The task: Return every line of the data below exactly, but do not include the images.

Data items

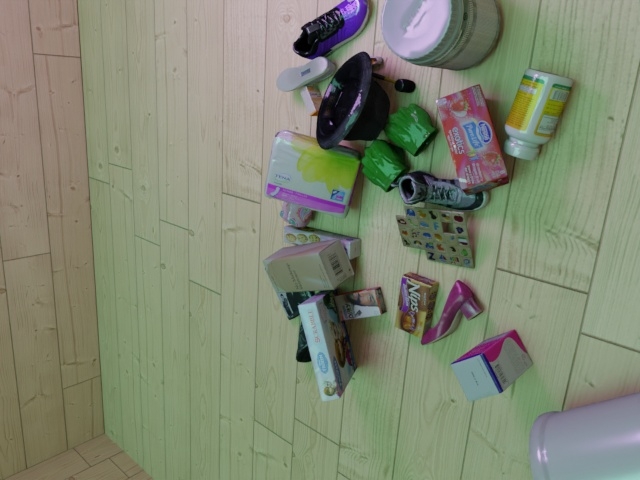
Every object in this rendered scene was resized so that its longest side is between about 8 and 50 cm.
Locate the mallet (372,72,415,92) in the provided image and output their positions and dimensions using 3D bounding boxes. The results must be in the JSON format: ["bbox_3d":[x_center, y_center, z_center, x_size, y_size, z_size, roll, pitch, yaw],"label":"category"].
[{"bbox_3d":[0.214,-0.495,1.619,0.190,0.063,0.039,41,124,46],"label":"mallet"}]

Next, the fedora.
[{"bbox_3d":[0.116,-0.402,1.596,0.334,0.153,0.333,-48,31,41],"label":"fedora"}]

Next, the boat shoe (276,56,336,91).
[{"bbox_3d":[-0.047,-0.561,1.801,0.228,0.081,0.079,-10,86,36],"label":"boat shoe"}]

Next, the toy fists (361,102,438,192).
[{"bbox_3d":[0.234,-0.287,1.607,0.142,0.096,0.279,47,126,15],"label":"toy fists"}]

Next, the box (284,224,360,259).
[{"bbox_3d":[0.000,0.000,1.904,0.324,0.063,0.067,15,112,39],"label":"box"}]

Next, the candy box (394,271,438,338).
[{"bbox_3d":[0.306,0.207,1.683,0.109,0.053,0.186,21,115,37],"label":"candy box"}]

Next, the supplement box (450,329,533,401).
[{"bbox_3d":[0.475,0.341,1.448,0.114,0.220,0.111,-35,76,43],"label":"supplement box"}]

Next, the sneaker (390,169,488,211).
[{"bbox_3d":[0.333,-0.136,1.508,0.269,0.153,0.101,20,113,38],"label":"sneaker"}]

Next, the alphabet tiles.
[{"bbox_3d":[0.338,-0.014,1.576,0.237,0.009,0.198,11,133,41],"label":"alphabet tiles"}]

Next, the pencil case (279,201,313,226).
[{"bbox_3d":[-0.059,-0.191,1.876,0.124,0.124,0.283,38,124,30],"label":"pencil case"}]

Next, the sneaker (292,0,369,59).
[{"bbox_3d":[0.021,-0.672,1.669,0.293,0.146,0.102,-30,80,43],"label":"sneaker"}]

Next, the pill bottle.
[{"bbox_3d":[0.533,-0.312,1.310,0.118,0.118,0.208,30,119,34],"label":"pill bottle"}]

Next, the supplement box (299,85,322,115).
[{"bbox_3d":[-0.023,-0.481,1.812,0.036,0.062,0.098,-27,82,43],"label":"supplement box"}]

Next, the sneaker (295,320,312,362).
[{"bbox_3d":[-0.035,0.368,2.022,0.106,0.101,0.267,-108,31,-46],"label":"sneaker"}]

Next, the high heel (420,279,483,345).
[{"bbox_3d":[0.375,0.228,1.608,0.244,0.082,0.117,-48,64,40],"label":"high heel"}]

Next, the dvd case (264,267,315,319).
[{"bbox_3d":[-0.117,0.176,2.076,0.179,0.030,0.238,-36,75,41],"label":"dvd case"}]

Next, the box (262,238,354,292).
[{"bbox_3d":[-0.048,0.095,1.859,0.311,0.121,0.147,-11,107,48],"label":"box"}]

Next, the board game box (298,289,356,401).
[{"bbox_3d":[0.032,0.339,1.792,0.066,0.318,0.318,-14,91,14],"label":"board game box"}]

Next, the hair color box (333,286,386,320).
[{"bbox_3d":[0.137,0.221,1.823,0.167,0.053,0.093,-15,90,32],"label":"hair color box"}]

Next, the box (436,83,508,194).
[{"bbox_3d":[0.404,-0.261,1.391,0.123,0.128,0.256,-17,80,20],"label":"box"}]

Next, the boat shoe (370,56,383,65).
[{"bbox_3d":[0.147,-0.564,1.656,0.100,0.035,0.035,13,108,39],"label":"boat shoe"}]

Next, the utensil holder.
[{"bbox_3d":[0.736,0.508,1.185,0.386,0.328,0.327,-36,75,39],"label":"utensil holder"}]

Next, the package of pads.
[{"bbox_3d":[-0.026,-0.223,1.732,0.297,0.101,0.229,15,118,3],"label":"package of pads"}]

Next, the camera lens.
[{"bbox_3d":[0.313,-0.555,1.344,0.220,0.274,0.219,12,108,40],"label":"camera lens"}]

Task result:
Every object in this rendered scene was resized so that its longest side is between about 8 and 50 cm.
Locate the mallet (372,72,415,92) in the provided image and output their positions and dimensions using 3D bounding boxes. The results must be in the JSON format: ["bbox_3d":[x_center, y_center, z_center, x_size, y_size, z_size, roll, pitch, yaw],"label":"category"].
[{"bbox_3d":[0.214,-0.495,1.619,0.190,0.063,0.039,41,124,46],"label":"mallet"}]

Next, the fedora.
[{"bbox_3d":[0.116,-0.402,1.596,0.334,0.153,0.333,-48,31,41],"label":"fedora"}]

Next, the boat shoe (276,56,336,91).
[{"bbox_3d":[-0.047,-0.561,1.801,0.228,0.081,0.079,-10,86,36],"label":"boat shoe"}]

Next, the toy fists (361,102,438,192).
[{"bbox_3d":[0.234,-0.287,1.607,0.142,0.096,0.279,47,126,15],"label":"toy fists"}]

Next, the box (284,224,360,259).
[{"bbox_3d":[0.000,0.000,1.904,0.324,0.063,0.067,15,112,39],"label":"box"}]

Next, the candy box (394,271,438,338).
[{"bbox_3d":[0.306,0.207,1.683,0.109,0.053,0.186,21,115,37],"label":"candy box"}]

Next, the supplement box (450,329,533,401).
[{"bbox_3d":[0.475,0.341,1.448,0.114,0.220,0.111,-35,76,43],"label":"supplement box"}]

Next, the sneaker (390,169,488,211).
[{"bbox_3d":[0.333,-0.136,1.508,0.269,0.153,0.101,20,113,38],"label":"sneaker"}]

Next, the alphabet tiles.
[{"bbox_3d":[0.338,-0.014,1.576,0.237,0.009,0.198,11,133,41],"label":"alphabet tiles"}]

Next, the pencil case (279,201,313,226).
[{"bbox_3d":[-0.059,-0.191,1.876,0.124,0.124,0.283,38,124,30],"label":"pencil case"}]

Next, the sneaker (292,0,369,59).
[{"bbox_3d":[0.021,-0.672,1.669,0.293,0.146,0.102,-30,80,43],"label":"sneaker"}]

Next, the pill bottle.
[{"bbox_3d":[0.533,-0.312,1.310,0.118,0.118,0.208,30,119,34],"label":"pill bottle"}]

Next, the supplement box (299,85,322,115).
[{"bbox_3d":[-0.023,-0.481,1.812,0.036,0.062,0.098,-27,82,43],"label":"supplement box"}]

Next, the sneaker (295,320,312,362).
[{"bbox_3d":[-0.035,0.368,2.022,0.106,0.101,0.267,-108,31,-46],"label":"sneaker"}]

Next, the high heel (420,279,483,345).
[{"bbox_3d":[0.375,0.228,1.608,0.244,0.082,0.117,-48,64,40],"label":"high heel"}]

Next, the dvd case (264,267,315,319).
[{"bbox_3d":[-0.117,0.176,2.076,0.179,0.030,0.238,-36,75,41],"label":"dvd case"}]

Next, the box (262,238,354,292).
[{"bbox_3d":[-0.048,0.095,1.859,0.311,0.121,0.147,-11,107,48],"label":"box"}]

Next, the board game box (298,289,356,401).
[{"bbox_3d":[0.032,0.339,1.792,0.066,0.318,0.318,-14,91,14],"label":"board game box"}]

Next, the hair color box (333,286,386,320).
[{"bbox_3d":[0.137,0.221,1.823,0.167,0.053,0.093,-15,90,32],"label":"hair color box"}]

Next, the box (436,83,508,194).
[{"bbox_3d":[0.404,-0.261,1.391,0.123,0.128,0.256,-17,80,20],"label":"box"}]

Next, the boat shoe (370,56,383,65).
[{"bbox_3d":[0.147,-0.564,1.656,0.100,0.035,0.035,13,108,39],"label":"boat shoe"}]

Next, the utensil holder.
[{"bbox_3d":[0.736,0.508,1.185,0.386,0.328,0.327,-36,75,39],"label":"utensil holder"}]

Next, the package of pads.
[{"bbox_3d":[-0.026,-0.223,1.732,0.297,0.101,0.229,15,118,3],"label":"package of pads"}]

Next, the camera lens.
[{"bbox_3d":[0.313,-0.555,1.344,0.220,0.274,0.219,12,108,40],"label":"camera lens"}]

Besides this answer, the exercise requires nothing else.